» The task:
Give the listing again in full, matching it character for character.

» Exercise data:

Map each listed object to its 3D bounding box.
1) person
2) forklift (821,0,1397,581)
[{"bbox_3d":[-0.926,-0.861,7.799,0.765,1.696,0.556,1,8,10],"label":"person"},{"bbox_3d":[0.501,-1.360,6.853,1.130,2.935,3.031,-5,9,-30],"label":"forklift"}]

» Result of the exercise:
Map each listed object to its 3D bounding box.
1) person
2) forklift (821,0,1397,581)
[{"bbox_3d":[-0.926,-0.861,7.799,0.765,1.696,0.556,1,8,10],"label":"person"},{"bbox_3d":[0.501,-1.360,6.853,1.130,2.935,3.031,-5,9,-30],"label":"forklift"}]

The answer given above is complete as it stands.